My impression is that you are probably not discussing 'transactions per second' on average; the rate of transactions at a single store is probably a few transactions per minute, with 'few' possibly being less than one TPM. Consequently, the network bandwidth is unlikely to be a bottleneck at any point, even with dial-up speeds (though that might be borderline).

What data entry system should I choose for multiple users at multiple sites?

I've just started working on a project that will involve multiple people entering data from multiple geographic locations. I've been asked to prepare forms in Access 2003 to facilitate this data entry. Right now, copies of the DB (with my tables and forms) will be distributed to each of the sites, returned to me, and then I get to hammer them all together. I can do that, but I'm hoping that there is a better way - if not for this project, then for future projects.
We don't have any funding for real programming support, so it's up to me. I am comfortable with HTML, CSS, and SQL, have played around with Django a fair bit, and am a decently fast learner. I don't have much time to design forms, but they don't have to actually function for a few months.
I think there are some substantial benefits to web-based forms (primary keys are set centrally, I can monitor data entry, form changes are immediately and universally deployed, I don't have to do tech support for different versions of Access). But I'd love to hear from voices of experience about the actual benefits and hazards of this stuff.
This is very lightweight data entry - three forms attached to three tables, linked by person ID, certainly under 5000 total records. While this is hardly bank account-type information, I do take the security of these data seriously, so that's an additional consideration. Any specific technology recommendations?
Options that involve Access:
use Jet replication. If the machines where the data editing is being done can be connected via wired LAN to the central network, synchronization would be very easy to implement (via the simple Direct Synchronization, only a couple lines of code). If not (as seems the case), it's an order of magnitude more complex and requires significint setup of the remote systems. For an ongoing project, it can be a very good solution. For a one off, not so much. See the Jet Replication Wiki for lots of information on Jet Replication. One advantage of this solution is that it works completely offline (i.e., no Internet connection).
use Access for the front end and SQL Server (or some other server database) for the back end. Provide a mechanism for remote users to connect to the centrally-hosted database server, either over VPN (preferred) or by exposing a non-standard port to the open Internet (not recommended). For lightweight editing, this shouldn't require overmuch optimization of the Access app to get a usable application, but it isn't going to be as fast as a local connection, and how slow will depend on the users' Internet connections. This solution does require an Internet connection to be used.

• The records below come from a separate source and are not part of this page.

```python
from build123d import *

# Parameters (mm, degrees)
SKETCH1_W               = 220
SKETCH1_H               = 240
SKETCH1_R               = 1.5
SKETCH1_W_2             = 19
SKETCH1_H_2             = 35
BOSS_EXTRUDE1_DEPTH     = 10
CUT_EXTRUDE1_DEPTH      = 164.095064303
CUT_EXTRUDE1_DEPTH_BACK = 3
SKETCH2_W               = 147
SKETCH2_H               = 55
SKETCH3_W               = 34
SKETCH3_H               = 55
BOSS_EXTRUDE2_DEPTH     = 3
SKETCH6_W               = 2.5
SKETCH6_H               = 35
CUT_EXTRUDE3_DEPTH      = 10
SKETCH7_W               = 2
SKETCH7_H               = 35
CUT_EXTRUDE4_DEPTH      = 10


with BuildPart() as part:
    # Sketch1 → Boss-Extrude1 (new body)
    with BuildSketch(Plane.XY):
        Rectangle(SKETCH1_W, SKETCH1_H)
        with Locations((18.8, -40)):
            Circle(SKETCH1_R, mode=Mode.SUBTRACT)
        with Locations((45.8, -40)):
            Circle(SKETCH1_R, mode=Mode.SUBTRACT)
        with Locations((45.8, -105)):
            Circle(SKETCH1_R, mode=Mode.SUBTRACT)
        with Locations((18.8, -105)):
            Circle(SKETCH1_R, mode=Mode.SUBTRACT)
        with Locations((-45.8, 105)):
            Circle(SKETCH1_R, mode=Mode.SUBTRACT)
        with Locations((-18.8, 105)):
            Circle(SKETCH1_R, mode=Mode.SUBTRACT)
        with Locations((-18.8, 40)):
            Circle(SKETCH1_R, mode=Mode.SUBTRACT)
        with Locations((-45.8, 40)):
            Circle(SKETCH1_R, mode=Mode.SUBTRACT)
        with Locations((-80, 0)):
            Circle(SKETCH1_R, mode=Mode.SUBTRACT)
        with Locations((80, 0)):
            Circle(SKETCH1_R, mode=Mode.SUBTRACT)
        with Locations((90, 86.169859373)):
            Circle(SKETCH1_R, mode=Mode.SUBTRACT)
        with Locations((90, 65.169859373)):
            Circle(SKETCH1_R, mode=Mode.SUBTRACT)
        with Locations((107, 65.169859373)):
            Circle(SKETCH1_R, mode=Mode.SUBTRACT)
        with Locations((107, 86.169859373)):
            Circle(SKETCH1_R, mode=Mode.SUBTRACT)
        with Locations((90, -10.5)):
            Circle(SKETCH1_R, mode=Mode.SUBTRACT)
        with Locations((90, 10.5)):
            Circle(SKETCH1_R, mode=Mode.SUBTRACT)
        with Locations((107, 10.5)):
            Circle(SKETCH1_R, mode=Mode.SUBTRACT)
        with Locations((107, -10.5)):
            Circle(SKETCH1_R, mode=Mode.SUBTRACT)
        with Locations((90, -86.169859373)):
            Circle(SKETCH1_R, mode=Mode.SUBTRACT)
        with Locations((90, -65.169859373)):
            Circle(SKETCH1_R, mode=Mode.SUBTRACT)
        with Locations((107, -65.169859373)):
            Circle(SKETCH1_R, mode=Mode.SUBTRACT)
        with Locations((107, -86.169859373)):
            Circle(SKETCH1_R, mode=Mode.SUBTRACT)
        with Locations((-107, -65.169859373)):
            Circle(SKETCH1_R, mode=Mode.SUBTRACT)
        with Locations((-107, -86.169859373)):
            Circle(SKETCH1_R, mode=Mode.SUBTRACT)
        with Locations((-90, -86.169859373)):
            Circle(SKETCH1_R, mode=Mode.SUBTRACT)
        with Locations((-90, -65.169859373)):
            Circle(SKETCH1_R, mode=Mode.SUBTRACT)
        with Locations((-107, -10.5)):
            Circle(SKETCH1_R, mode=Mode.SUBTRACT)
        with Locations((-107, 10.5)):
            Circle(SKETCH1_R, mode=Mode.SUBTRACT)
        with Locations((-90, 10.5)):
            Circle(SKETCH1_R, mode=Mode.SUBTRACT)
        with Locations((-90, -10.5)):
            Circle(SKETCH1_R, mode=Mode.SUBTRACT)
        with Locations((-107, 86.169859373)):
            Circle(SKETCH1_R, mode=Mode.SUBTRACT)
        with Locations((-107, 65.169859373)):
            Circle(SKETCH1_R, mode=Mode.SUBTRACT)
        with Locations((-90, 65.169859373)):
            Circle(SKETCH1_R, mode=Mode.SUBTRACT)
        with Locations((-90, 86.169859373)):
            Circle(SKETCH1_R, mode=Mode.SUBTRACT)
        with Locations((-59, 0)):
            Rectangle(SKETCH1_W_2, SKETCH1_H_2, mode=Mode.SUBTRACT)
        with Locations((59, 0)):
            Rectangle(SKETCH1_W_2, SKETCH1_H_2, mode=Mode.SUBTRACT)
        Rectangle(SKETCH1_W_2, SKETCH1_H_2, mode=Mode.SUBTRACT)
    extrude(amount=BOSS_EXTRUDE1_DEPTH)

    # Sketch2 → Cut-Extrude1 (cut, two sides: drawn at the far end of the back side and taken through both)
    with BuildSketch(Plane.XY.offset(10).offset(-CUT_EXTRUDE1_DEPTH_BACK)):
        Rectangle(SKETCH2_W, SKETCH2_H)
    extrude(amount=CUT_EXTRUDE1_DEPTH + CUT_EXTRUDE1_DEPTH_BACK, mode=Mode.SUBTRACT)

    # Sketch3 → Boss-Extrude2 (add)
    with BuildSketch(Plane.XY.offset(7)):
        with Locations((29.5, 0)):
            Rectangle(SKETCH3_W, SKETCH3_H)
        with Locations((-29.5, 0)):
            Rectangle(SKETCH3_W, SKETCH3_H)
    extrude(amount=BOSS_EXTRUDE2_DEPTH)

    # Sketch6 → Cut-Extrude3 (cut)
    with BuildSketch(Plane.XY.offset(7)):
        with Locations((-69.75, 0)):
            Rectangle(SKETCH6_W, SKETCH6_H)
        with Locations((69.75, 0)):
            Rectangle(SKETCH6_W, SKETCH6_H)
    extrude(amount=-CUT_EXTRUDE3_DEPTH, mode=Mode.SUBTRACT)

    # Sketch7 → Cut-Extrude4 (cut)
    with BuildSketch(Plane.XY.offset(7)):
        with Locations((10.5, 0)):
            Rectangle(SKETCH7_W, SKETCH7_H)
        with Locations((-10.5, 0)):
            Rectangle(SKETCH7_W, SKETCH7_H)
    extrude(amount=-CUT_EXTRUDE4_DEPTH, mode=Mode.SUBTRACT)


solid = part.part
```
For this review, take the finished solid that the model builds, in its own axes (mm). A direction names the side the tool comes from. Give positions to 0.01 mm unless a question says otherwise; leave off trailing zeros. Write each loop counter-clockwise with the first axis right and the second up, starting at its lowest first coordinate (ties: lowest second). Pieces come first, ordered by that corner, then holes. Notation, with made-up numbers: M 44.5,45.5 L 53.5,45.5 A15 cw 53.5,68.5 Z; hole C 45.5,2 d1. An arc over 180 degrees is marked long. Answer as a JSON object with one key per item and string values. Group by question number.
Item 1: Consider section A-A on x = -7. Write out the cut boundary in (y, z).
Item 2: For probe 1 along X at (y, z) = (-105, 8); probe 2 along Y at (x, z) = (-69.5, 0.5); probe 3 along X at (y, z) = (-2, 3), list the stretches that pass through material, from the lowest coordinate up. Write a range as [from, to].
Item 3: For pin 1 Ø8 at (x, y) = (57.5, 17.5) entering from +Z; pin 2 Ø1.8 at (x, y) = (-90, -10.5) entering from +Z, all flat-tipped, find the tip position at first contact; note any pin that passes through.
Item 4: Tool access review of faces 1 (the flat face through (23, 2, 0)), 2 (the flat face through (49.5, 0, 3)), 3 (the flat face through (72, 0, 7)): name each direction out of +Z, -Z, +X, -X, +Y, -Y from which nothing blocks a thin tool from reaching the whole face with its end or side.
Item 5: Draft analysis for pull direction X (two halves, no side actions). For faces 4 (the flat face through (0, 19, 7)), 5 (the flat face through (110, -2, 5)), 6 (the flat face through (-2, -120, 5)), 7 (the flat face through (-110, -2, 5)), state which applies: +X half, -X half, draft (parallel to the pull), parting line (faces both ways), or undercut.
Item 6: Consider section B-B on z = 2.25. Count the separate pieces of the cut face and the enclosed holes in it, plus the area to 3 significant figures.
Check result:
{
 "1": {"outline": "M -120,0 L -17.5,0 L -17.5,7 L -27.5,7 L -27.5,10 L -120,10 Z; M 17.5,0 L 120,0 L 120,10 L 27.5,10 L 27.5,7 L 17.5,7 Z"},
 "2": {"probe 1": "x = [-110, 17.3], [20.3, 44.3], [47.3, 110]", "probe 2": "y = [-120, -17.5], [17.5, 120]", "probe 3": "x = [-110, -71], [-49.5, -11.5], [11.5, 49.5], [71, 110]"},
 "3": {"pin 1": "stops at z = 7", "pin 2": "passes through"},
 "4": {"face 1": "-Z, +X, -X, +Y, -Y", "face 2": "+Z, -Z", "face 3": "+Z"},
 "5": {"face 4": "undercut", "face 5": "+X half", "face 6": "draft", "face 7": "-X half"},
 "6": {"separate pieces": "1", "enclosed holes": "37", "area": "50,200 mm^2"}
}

host the Access app on a Windows Terminal Server. If the infrastructure is available and there's a budget for CALs (or if the CALs are already in place), this is a very, very easy way to share an Access app. Like #2, this requires an Internet connection, but it puts all the administration in one central location and requires no development beyond what's already been done to create the existing Access app.
For non-Access solutions, it's a matter of building a web front end. For the size app you've outlined, that sounds pretty simple for the person who already knows how to do that, not so much for the person who doesn't!
Even though I'm an Access developer, based on what you've outlined, I'd probably recommend a light-weight web-based front end, as simple as possible with no bells and whistles. I use PHP, but obviously any web scripting environment would be appropriate.
I agree with David: a web-based solution sounds the most suitable.
I use CodeCharge Studio for that: it has a very Access-like interface, lots of wizards to create online forms etc. CCS offers a number of different programming languages; I use PHP, as part of a LAMP stack.